So a very important lesson just clicked over the last few days, that actually I've been learning for a while I suppose, but I think it just finally hit me.
I wanted to find a really deep quote for this, but nothing expressed it exactly, so I'm going with my own metaphor. People who genuinely care about you and your well being are like a great pair of pantyhose. They're supportive just where you need them to be and they don't run.
I have always taken myself too seriously. When I have something important to share but I don't know how it will be received I almost always (while sober) err on the side of silence. I would rather most people know almost nothing about me than to think even for a moment that I am damaged. I really don't know why I held on to that as long as I have. Most of the people I love in my life have a ton of battle scars.

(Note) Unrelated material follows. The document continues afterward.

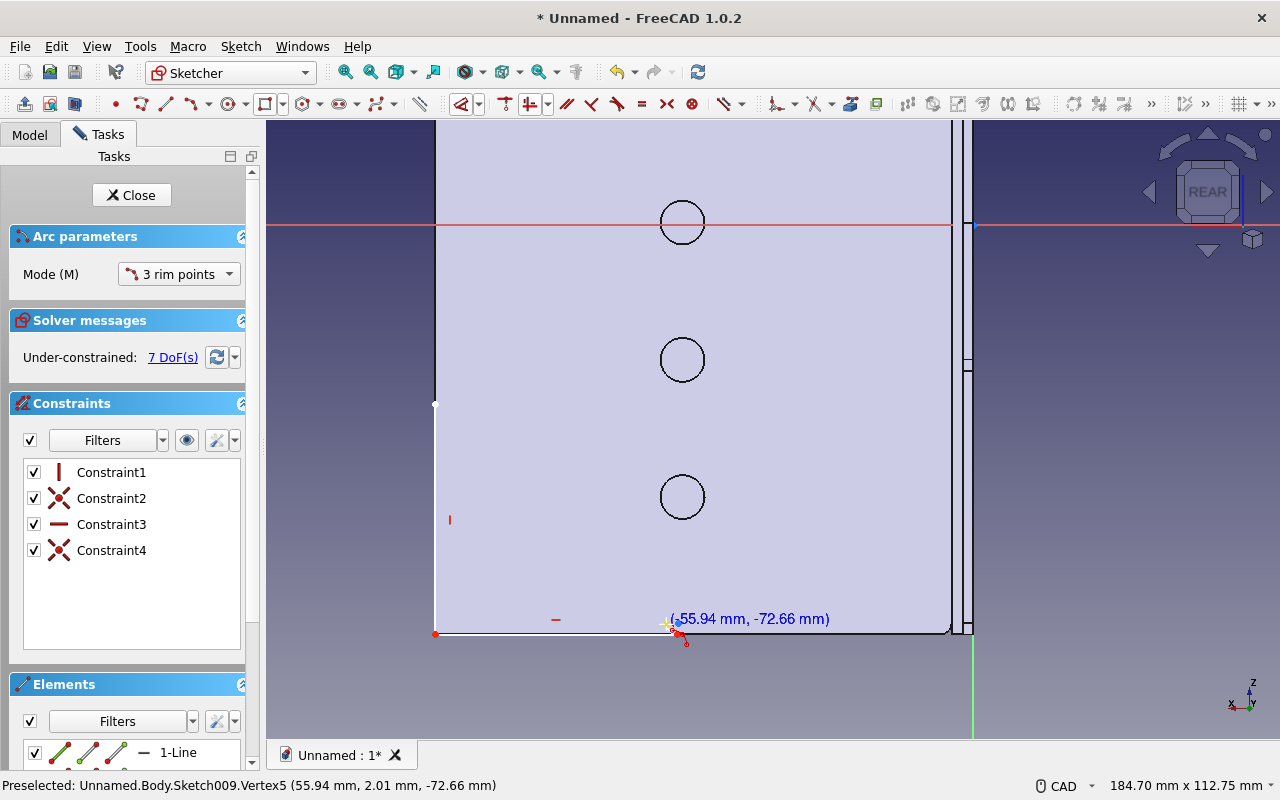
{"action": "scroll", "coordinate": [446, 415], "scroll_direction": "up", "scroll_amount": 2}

Why is it 'character' on people I love but damage when it's a part of me? Because I've never put trust in the people closest to me to love me because of (rather than in spite of) my insanity, issues, character flaws, quirks and just overall all human nature bullshit.
The irony is, in trying to be the me I want to be rather than the me I currently am, I've lost more people than if I would have had I just been my genuine authentic self in the first place. On top of that, when people did choose to run I don't think it would have hurt as much, because I would have either not chosen those people in the first place or at least not been left to wonder 'what if I had just been more open'.
In the last three weeks, I have been as honest as possible. I have opened up to friends about experiences that I would have never shared in the past. I spoke openly about my breakdown last year. I have been more open to new people and new life situations. I have tactfully removed venom from some scathing words (a known defense mechanism for this individual) to reveal probably one of the greatest compliments ever bestowed upon me. I rallied a small crowd after a particularly sad life event and had a man come into the ladies room and hold my hair while I paid homage to the porcelain deities after the Jameson fairy was extra generous. I have publicly sung new songs completely out of my range because I wanted to, playfully hung furry hand cuffs from my car's rear view mirror, enlisted help at work when I needed to add voices to my cause. Every aspect of my life, I've welcomed the world into with open arms.
And I've gotten more invites, more "I love you"s, felt more valuable and gotten more support than I have in years.
I have had so many moments of bliss over this past week where another version of me would have worried about judgements, about speculation that I'm not perfect.
Guess what. . . I'm not.
And anyone who thinks any less of me, please keep silent on your way out. Your judgment of me is none of my damn business.
For all of you who know who you are, heart on my sleeve and spirit in my soul. Thank you. I love you!